I usually get bored of 'real' stuff. At the moment I'm enjoying getting individual things to work with the arduino - like components, or small bits that I can use in bigger projects like the soft power switch I did this evening.

I've got a 'real' project going on that could well make me some dosh* but I'm struggling with motivation to get it done. It'll involve doing a proper website backend. That's completely different to hacking a working solution together, it needs to be properly secure and that's an arse.

*I work as an administrator in the NHS (national health service). There's a problem with different Trusts (local NHS organisations) sharing information such as alerts pertaining to patients. These might be that the patient has been violent or aggressive to staff, or that there are safeguarding concerns... anything really, from a few different types of Trust in one area.
My idea is to have an arduino based (of course!) machine that's an arduino, ethernet shield, keypad and LCD screen. You tap in a couple of identifiers, it polls a website on the intranet and brings back contact details if there is an alert.
Each trust has its own website for the arduinos to poll, these sites share information with each other securely.
For example, say I've been aggressive to a district nurse when she visited. If a social worker (so from a different Trust) is due to visit me she taps my details into an arduino and it says "One Alert. Contact Community Health Risk Office, tel 3456".

That way, very limited information is shared over the network and actual details are only shared once a human has verified the appropriateness of sharing them.

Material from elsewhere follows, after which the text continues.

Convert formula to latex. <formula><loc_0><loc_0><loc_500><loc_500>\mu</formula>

The current system relies on staff having time to use a slow network connection to check their local system, which requires suitable access and training and more time than tapping in an ID number and date of birth on a made-for-purpose device. Plus that local database is unlikely to have details from other Trusts, sharing isn't that good at the moment.

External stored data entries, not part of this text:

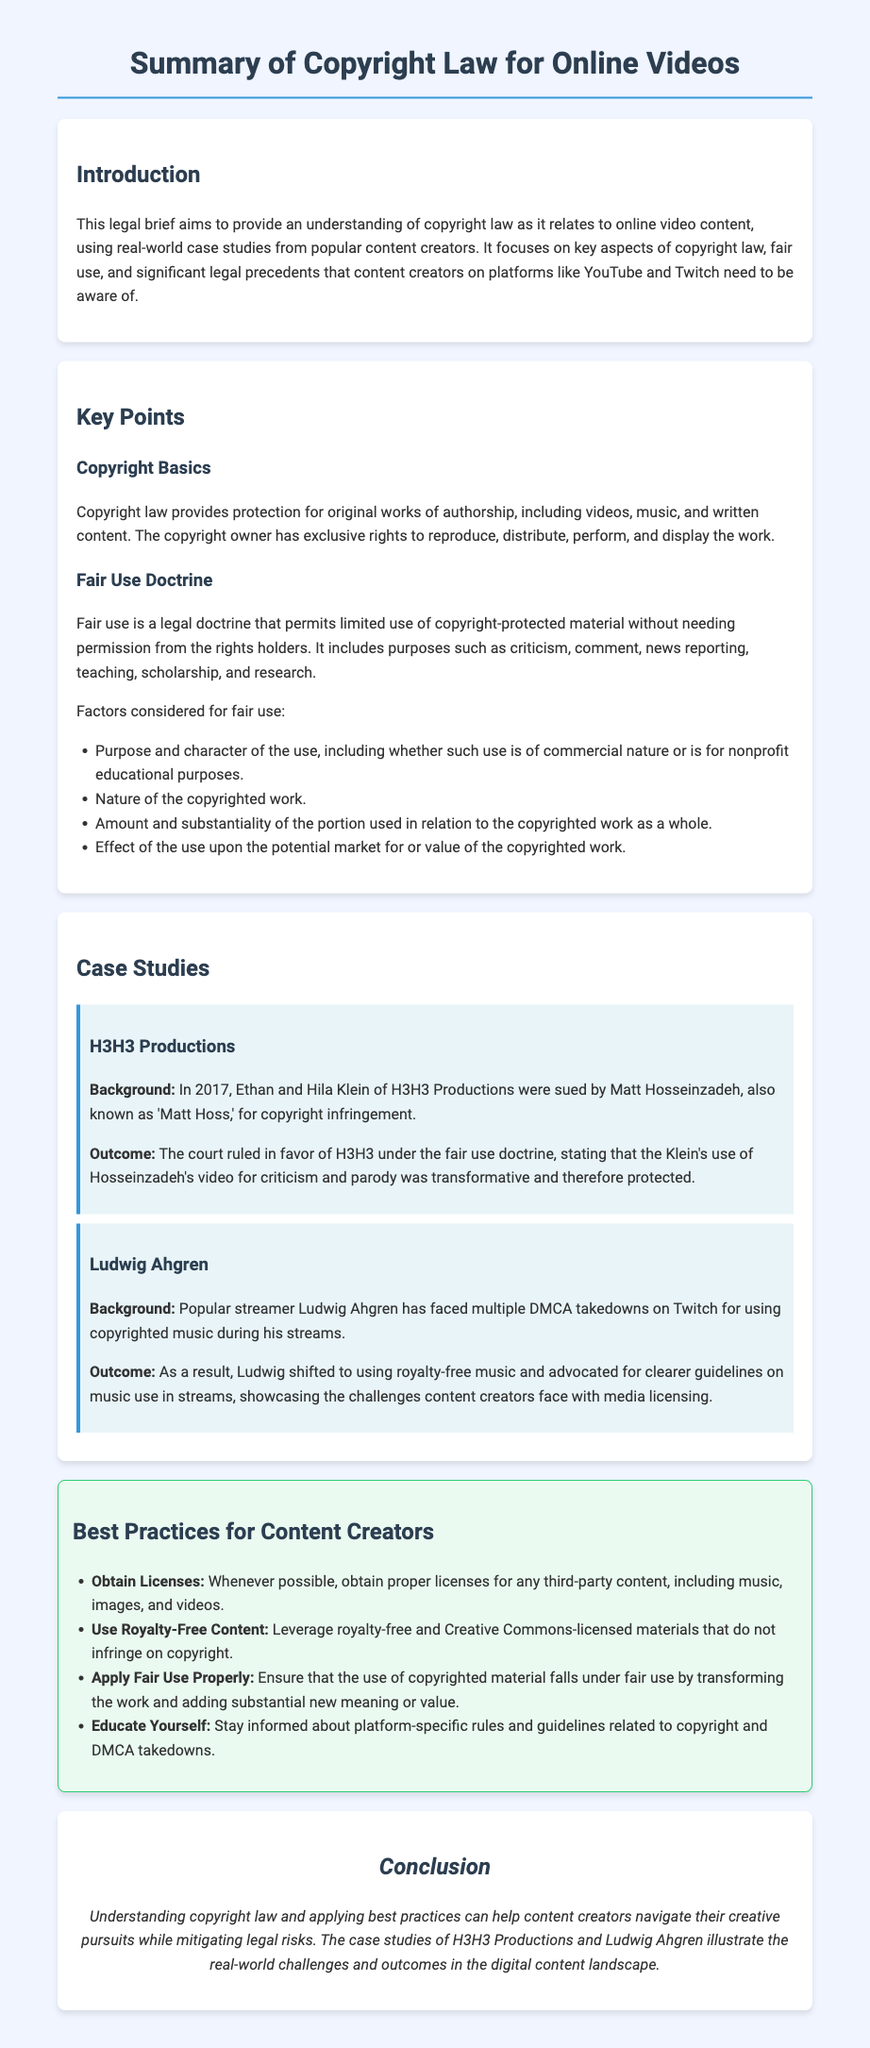What is the title of the legal brief? The title of the legal brief is provided in the document's heading.
Answer: Summary of Copyright Law for Online Videos What year was H3H3 Productions sued? The document states that H3H3 Productions was sued in 2017.
Answer: 2017 Who are the founders of H3H3 Productions? The document mentions that Ethan and Hila Klein are the founders of H3H3 Productions.
Answer: Ethan and Hila Klein What is a primary factor considered for fair use? The document lists multiple factors; one of them is mentioned first in the text.
Answer: Purpose and character of the use What was Ludwig Ahgren's challenge related to? The document notes that Ludwig faced challenges with music during his streams.
Answer: Copyrighted music What legal doctrine allows limited use of copyrighted material? The document explicitly identifies a key legal concept related to copyright use.
Answer: Fair Use Doctrine Which case study emphasized the importance of royalty-free music? The document indicates which content creator had to adjust their practices due to legal issues.
Answer: Ludwig Ahgren What do content creators need to stay informed about, according to the best practices? The best practices section suggests a specific area of knowledge for creators.
Answer: Platform-specific rules and guidelines

I've got the arduino working, I just need to do the web stuff for it to talk to.

Sounds like a great project but you've hit the product wall :frowning:

There's a world of difference between having a working widget and a marketable product, and I suspect most of us here get our kicks from the research and design and getting something working, once that's achieved we want to move to another challenge, not cross every i and dot every t and produce user manuals for the next 6 months.